__PROBLEM REQUIREMENTS__
Look below for the line containing "BY : GSV</text>" and the line containing "DRAWING IS THE</text>"; repeat exactly those two lines and all lines between them, and nothing else.

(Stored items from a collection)
▬▬▬
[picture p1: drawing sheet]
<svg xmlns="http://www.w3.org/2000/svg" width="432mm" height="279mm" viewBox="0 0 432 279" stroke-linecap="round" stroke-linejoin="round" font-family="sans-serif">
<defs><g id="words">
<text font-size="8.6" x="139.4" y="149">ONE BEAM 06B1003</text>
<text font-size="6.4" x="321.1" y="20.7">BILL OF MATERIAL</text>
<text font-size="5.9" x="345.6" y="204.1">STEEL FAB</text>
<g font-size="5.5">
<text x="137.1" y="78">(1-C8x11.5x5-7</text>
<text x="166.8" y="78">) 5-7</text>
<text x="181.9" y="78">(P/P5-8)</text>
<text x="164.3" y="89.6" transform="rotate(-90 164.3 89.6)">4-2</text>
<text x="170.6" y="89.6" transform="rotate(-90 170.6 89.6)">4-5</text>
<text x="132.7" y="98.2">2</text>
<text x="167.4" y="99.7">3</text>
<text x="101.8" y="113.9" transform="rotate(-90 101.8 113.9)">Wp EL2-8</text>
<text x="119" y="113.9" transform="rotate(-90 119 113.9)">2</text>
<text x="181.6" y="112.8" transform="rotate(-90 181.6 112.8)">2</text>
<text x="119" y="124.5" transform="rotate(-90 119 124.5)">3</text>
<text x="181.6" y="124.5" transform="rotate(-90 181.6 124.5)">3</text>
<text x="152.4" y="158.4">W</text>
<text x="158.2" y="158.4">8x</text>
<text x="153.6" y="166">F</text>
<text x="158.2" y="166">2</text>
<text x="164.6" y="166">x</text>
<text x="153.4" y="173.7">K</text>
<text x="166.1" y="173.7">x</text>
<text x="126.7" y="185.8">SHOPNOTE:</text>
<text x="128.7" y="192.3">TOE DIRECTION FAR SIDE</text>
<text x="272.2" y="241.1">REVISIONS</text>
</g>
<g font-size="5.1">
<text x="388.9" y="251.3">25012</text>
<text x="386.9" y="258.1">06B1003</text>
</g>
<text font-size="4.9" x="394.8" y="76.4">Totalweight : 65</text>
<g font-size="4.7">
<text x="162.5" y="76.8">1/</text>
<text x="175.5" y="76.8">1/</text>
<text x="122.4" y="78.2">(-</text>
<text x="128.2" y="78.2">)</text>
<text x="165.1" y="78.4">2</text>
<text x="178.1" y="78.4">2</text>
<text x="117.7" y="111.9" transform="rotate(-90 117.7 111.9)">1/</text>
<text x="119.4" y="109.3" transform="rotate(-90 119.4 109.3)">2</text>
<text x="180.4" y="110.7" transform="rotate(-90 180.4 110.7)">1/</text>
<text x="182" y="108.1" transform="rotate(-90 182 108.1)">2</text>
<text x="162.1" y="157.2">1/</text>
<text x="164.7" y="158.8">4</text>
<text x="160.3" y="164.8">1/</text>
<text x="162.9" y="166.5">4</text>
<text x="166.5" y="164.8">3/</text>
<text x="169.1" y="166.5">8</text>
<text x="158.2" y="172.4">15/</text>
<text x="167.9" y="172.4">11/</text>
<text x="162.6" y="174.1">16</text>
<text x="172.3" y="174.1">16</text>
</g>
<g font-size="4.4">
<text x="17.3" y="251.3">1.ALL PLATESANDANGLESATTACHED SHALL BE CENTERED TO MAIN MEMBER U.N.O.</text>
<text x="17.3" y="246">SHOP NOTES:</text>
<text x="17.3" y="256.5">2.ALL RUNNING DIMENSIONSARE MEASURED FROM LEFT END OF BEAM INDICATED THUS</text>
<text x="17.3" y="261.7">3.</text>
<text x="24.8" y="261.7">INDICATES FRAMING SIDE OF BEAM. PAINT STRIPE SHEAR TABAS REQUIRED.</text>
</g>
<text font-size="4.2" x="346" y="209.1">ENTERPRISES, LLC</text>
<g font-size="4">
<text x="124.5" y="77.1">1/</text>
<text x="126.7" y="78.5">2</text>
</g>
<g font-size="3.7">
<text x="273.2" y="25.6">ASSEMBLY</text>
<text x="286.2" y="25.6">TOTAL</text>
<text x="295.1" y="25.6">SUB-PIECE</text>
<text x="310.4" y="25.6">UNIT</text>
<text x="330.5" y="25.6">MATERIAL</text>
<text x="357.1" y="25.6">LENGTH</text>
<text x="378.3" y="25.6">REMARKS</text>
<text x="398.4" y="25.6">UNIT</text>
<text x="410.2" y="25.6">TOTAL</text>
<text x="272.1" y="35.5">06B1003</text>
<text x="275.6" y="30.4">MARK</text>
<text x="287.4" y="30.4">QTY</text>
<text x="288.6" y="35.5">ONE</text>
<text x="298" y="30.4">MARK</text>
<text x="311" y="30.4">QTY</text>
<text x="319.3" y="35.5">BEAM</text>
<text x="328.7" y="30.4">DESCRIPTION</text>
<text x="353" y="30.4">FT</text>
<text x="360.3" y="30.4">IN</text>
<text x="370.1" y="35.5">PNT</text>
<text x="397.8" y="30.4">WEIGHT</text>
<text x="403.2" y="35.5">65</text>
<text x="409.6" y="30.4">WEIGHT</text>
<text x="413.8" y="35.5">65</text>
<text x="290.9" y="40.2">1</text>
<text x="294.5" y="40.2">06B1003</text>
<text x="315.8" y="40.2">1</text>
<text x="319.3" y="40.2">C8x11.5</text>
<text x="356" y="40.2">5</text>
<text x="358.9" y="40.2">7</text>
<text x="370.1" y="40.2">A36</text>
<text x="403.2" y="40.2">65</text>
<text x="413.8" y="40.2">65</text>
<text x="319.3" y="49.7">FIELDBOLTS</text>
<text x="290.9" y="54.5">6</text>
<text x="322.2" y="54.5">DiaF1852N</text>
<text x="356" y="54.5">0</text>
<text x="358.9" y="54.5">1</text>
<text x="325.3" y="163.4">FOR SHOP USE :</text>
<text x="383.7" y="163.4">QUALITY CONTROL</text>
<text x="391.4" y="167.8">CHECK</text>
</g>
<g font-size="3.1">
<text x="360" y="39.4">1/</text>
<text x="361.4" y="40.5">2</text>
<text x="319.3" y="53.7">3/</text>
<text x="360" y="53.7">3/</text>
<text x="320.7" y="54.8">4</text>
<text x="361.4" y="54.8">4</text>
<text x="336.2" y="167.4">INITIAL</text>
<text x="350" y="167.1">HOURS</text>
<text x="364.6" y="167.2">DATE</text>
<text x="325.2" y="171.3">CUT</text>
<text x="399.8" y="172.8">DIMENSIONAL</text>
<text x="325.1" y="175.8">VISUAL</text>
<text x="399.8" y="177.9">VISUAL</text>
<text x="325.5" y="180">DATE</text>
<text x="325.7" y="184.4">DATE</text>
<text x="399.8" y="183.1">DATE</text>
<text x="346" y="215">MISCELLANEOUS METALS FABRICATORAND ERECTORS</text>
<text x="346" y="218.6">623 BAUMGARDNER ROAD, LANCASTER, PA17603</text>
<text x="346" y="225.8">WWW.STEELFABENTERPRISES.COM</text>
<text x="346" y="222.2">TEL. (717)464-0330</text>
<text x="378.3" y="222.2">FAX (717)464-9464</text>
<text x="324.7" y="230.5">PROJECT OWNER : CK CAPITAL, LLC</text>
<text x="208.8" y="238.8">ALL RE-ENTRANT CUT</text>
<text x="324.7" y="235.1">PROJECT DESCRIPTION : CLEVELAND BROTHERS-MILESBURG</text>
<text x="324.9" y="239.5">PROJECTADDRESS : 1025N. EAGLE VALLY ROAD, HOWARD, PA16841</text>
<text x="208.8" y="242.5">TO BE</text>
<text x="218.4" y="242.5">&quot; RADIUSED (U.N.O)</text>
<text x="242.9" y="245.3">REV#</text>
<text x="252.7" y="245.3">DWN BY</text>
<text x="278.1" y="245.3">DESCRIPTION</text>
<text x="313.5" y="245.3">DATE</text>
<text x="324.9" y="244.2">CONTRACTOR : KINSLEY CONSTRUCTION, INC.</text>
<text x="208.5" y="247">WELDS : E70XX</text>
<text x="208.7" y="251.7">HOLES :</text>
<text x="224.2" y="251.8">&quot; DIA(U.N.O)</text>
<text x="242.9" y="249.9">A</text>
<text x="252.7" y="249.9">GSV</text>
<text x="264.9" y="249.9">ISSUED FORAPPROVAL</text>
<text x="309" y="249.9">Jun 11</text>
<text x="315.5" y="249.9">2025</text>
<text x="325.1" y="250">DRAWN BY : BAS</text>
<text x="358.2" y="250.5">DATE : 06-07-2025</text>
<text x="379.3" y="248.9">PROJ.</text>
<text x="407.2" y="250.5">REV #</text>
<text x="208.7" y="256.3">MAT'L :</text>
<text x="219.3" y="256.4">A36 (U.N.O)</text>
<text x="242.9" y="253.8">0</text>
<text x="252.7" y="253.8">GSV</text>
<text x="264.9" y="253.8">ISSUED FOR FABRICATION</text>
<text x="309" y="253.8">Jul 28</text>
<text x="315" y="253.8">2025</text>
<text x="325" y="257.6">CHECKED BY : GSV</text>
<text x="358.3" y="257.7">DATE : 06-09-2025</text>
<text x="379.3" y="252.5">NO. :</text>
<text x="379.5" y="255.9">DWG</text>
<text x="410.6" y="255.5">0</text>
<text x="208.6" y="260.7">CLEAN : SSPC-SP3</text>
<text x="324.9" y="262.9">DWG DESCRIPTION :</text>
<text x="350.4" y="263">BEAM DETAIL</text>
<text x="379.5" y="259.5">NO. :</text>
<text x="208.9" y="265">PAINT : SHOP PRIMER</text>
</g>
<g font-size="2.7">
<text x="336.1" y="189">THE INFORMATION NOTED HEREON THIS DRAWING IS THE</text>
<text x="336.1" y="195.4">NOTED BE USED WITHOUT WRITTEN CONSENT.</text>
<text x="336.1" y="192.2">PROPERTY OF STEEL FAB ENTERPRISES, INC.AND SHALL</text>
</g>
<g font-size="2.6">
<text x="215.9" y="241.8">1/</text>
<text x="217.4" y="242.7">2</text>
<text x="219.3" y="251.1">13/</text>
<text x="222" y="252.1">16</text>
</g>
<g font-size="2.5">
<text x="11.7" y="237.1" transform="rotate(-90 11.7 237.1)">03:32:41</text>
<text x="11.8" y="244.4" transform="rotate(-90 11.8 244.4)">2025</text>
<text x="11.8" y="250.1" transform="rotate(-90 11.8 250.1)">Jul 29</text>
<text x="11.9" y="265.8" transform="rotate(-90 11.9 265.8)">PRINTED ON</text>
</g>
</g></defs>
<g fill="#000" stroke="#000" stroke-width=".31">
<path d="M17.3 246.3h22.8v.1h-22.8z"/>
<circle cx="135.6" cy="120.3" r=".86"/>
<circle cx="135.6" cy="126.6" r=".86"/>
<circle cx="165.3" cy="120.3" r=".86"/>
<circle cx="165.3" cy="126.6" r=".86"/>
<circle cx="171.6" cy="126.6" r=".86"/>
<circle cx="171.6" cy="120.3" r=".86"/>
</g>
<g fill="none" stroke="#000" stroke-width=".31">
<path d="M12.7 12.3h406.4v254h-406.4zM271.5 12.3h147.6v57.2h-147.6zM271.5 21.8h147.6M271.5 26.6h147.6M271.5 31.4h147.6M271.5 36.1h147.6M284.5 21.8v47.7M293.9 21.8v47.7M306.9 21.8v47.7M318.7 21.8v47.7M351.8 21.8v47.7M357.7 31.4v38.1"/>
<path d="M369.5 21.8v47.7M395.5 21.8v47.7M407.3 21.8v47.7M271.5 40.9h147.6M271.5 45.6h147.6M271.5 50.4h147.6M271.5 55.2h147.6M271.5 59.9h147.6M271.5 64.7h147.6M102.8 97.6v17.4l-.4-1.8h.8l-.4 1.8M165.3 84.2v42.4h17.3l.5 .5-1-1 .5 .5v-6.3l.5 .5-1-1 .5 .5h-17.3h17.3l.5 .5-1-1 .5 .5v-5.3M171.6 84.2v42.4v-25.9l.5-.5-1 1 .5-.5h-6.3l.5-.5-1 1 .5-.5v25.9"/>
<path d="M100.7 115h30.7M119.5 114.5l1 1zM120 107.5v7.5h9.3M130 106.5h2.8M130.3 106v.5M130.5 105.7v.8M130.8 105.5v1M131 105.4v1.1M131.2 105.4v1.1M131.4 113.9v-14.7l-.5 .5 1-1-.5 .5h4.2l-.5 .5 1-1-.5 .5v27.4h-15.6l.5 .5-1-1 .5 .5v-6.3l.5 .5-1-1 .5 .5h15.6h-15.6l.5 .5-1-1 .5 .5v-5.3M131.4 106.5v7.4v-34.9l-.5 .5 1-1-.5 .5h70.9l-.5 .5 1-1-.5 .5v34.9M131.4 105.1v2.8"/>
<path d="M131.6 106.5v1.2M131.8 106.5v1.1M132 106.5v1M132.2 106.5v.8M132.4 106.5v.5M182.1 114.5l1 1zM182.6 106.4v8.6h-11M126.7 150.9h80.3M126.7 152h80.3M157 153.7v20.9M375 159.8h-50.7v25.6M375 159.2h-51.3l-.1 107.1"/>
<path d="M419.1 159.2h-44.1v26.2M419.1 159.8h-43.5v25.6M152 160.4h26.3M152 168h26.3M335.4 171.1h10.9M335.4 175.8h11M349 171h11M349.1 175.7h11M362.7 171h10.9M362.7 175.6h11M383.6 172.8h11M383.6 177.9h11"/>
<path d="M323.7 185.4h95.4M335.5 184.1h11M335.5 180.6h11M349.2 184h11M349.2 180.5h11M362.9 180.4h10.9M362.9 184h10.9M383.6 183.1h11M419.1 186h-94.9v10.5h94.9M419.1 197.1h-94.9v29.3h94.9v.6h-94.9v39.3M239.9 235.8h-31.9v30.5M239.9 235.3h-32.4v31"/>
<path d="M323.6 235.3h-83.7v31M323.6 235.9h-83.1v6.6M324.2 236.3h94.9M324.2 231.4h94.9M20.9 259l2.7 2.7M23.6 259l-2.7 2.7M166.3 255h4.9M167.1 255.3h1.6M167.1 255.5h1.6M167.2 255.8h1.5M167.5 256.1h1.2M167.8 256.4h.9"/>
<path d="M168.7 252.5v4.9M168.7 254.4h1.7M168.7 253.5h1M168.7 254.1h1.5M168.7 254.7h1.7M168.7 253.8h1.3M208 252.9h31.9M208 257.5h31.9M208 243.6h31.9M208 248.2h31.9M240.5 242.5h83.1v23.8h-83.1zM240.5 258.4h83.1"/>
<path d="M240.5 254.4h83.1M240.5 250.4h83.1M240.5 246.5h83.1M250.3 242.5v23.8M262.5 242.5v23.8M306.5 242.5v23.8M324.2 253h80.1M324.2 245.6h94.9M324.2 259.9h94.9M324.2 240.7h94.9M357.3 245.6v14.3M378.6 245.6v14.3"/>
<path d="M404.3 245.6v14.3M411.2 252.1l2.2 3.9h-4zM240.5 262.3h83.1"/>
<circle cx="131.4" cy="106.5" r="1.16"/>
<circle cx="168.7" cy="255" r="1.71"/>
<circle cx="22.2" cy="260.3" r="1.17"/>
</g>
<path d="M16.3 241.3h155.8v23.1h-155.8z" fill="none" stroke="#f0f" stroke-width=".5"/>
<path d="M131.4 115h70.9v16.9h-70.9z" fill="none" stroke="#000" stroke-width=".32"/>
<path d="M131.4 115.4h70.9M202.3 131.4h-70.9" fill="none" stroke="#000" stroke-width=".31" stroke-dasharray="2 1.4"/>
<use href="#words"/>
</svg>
▬▬▬
__EXERCISE ANSWER__
<text x="325" y="257.6">CHECKED BY : GSV</text>
<text x="358.3" y="257.7">DATE : 06-09-2025</text>
<text x="379.3" y="252.5">NO. :</text>
<text x="379.5" y="255.9">DWG</text>
<text x="410.6" y="255.5">0</text>
<text x="208.6" y="260.7">CLEAN : SSPC-SP3</text>
<text x="324.9" y="262.9">DWG DESCRIPTION :</text>
<text x="350.4" y="263">BEAM DETAIL</text>
<text x="379.5" y="259.5">NO. :</text>
<text x="208.9" y="265">PAINT : SHOP PRIMER</text>
</g>
<g font-size="2.7">
<text x="336.1" y="189">THE INFORMATION NOTED HEREON THIS DRAWING IS THE</text>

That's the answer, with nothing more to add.